- Task statement
Leaving the pictures aside, transcribe every line below exactly.

Dataset items

---

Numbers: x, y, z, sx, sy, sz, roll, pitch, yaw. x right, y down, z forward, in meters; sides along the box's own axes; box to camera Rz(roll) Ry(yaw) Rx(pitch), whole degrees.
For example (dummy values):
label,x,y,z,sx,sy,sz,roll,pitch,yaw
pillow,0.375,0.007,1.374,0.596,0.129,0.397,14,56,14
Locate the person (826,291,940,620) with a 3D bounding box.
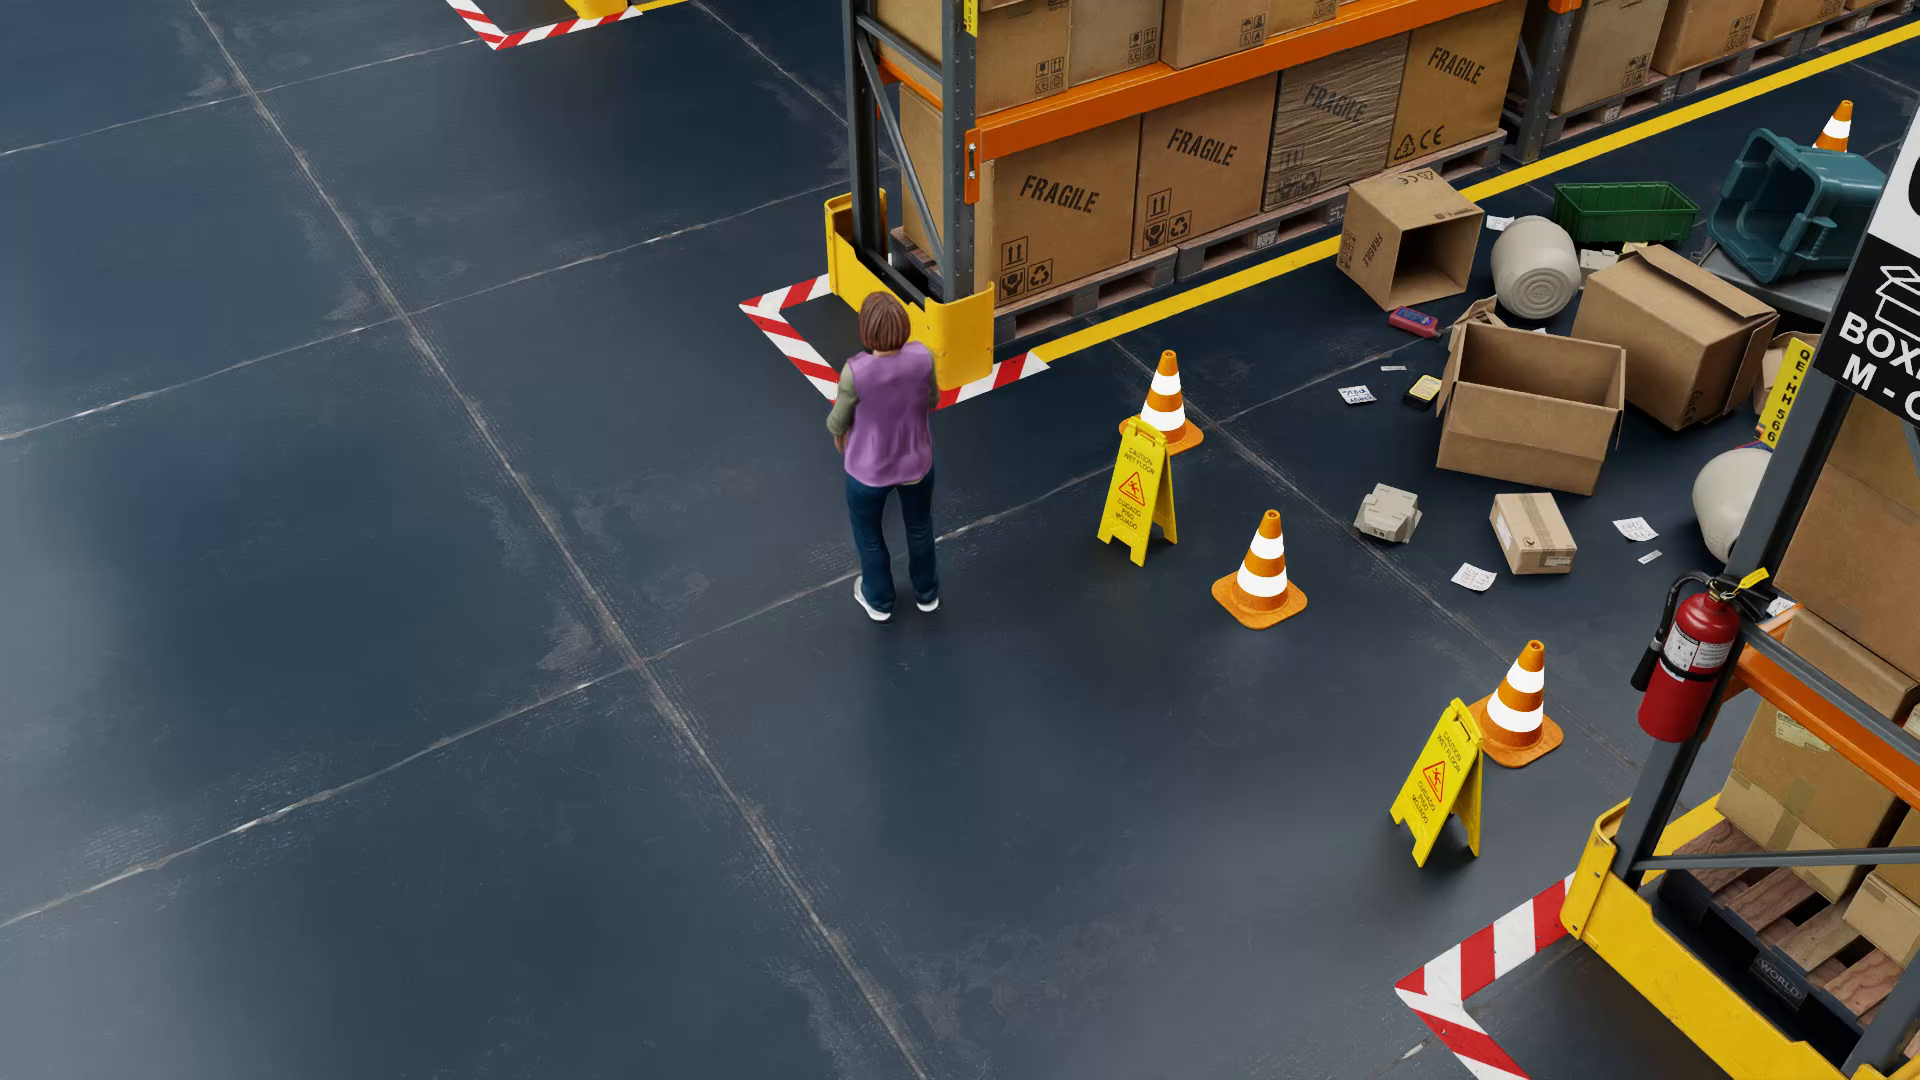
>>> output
label,x,y,z,sx,sy,sz,roll,pitch,yaw
person,-0.299,-0.329,6.536,0.455,1.601,0.417,-13,43,-14
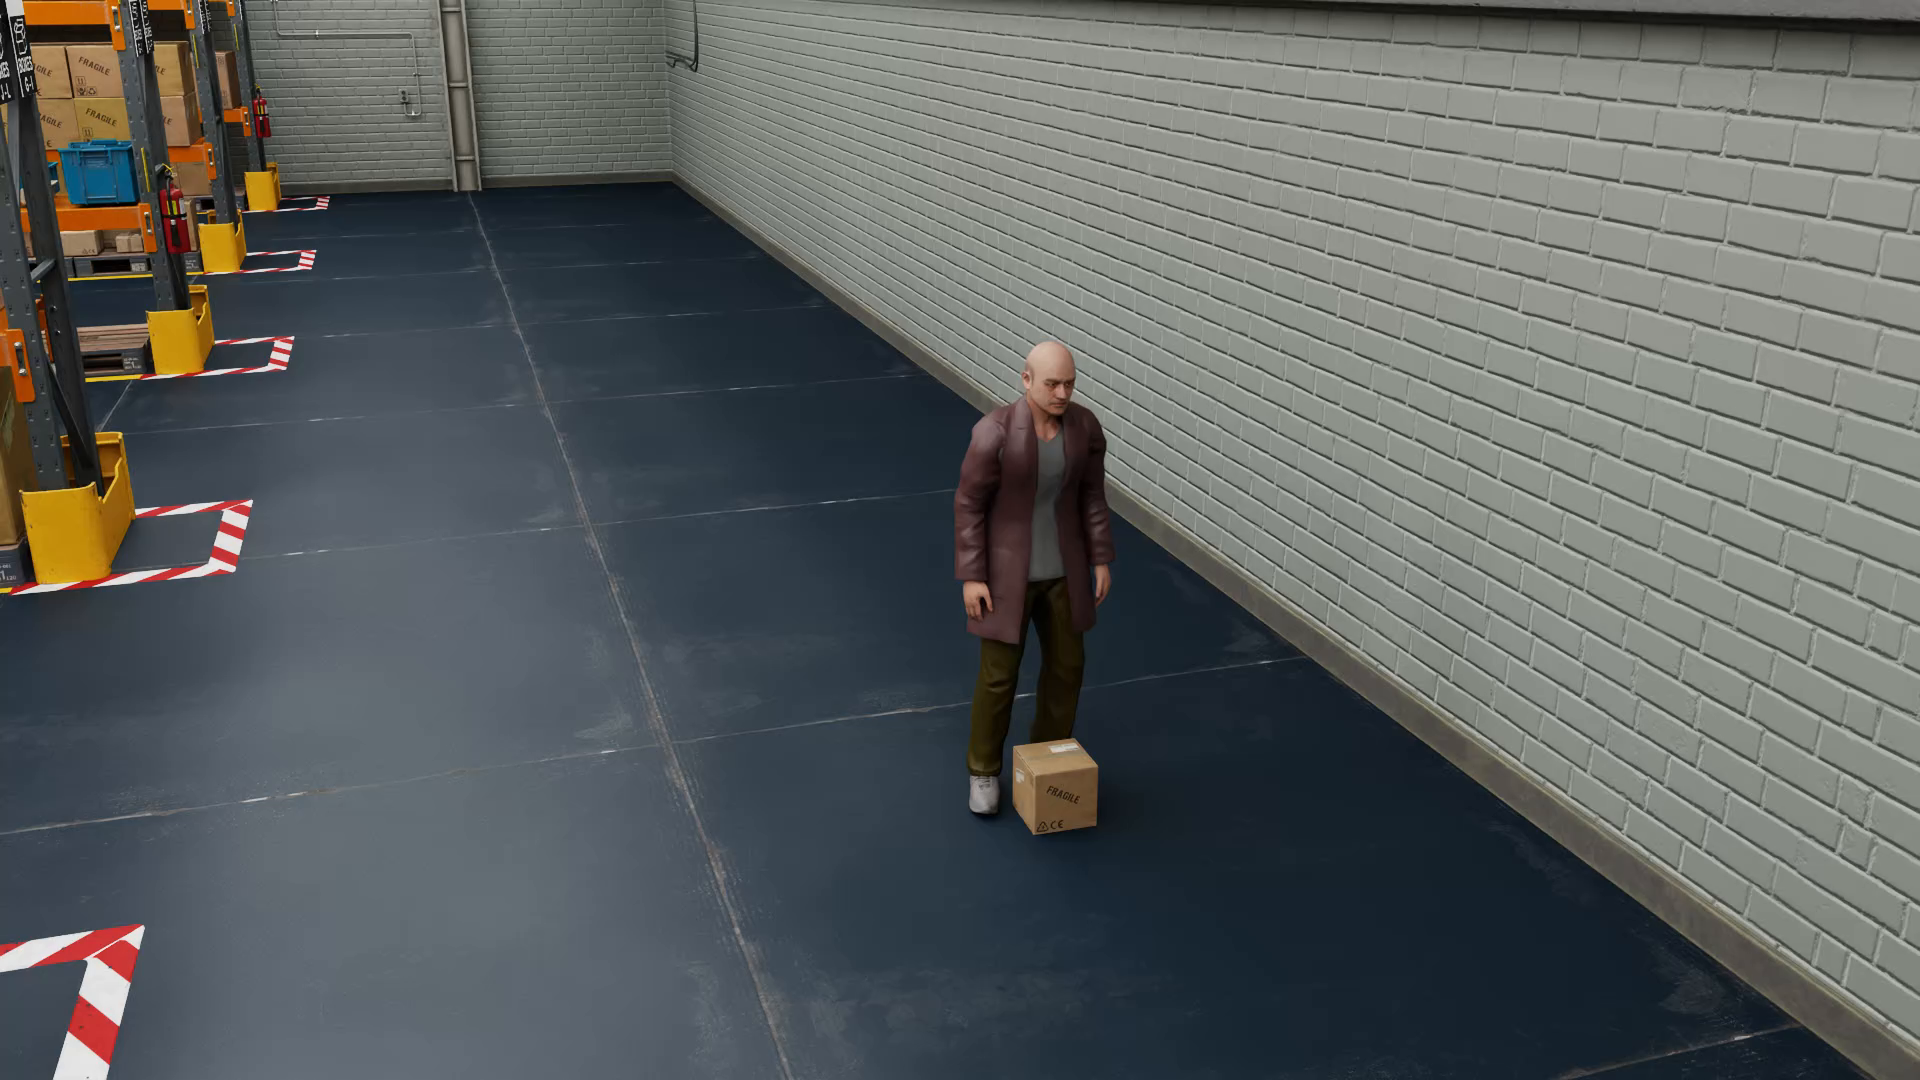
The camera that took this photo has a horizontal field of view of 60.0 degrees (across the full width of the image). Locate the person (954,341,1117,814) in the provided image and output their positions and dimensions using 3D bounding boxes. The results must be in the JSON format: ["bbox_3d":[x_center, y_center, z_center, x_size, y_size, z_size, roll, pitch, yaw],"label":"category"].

---

- Task output
Numbers: x, y, z, sx, sy, sz, roll, pitch, yaw. x right, y down, z forward, in meters; sides along the box's own axes; box to camera Rz(roll) Ry(yaw) Rx(pitch), whole degrees.
For example (dummy values):
label,x,y,z,sx,sy,sz,roll,pitch,yaw
pillow,0.375,0.007,1.374,0.596,0.129,0.397,14,56,14
Locate the person (826,291,940,620) with a 3D bounding box.
>>> output
label,x,y,z,sx,sy,sz,roll,pitch,yaw
person,-0.299,-0.329,6.536,0.455,1.601,0.417,-13,43,-14
The camera that took this photo has a horizontal field of view of 60.0 degrees (across the full width of the image). Locate the person (954,341,1117,814) in the provided image and output their positions and dimensions using 3D bounding boxes. The results must be in the JSON format: ["bbox_3d":[x_center, y_center, z_center, x_size, y_size, z_size, roll, pitch, yaw],"label":"category"].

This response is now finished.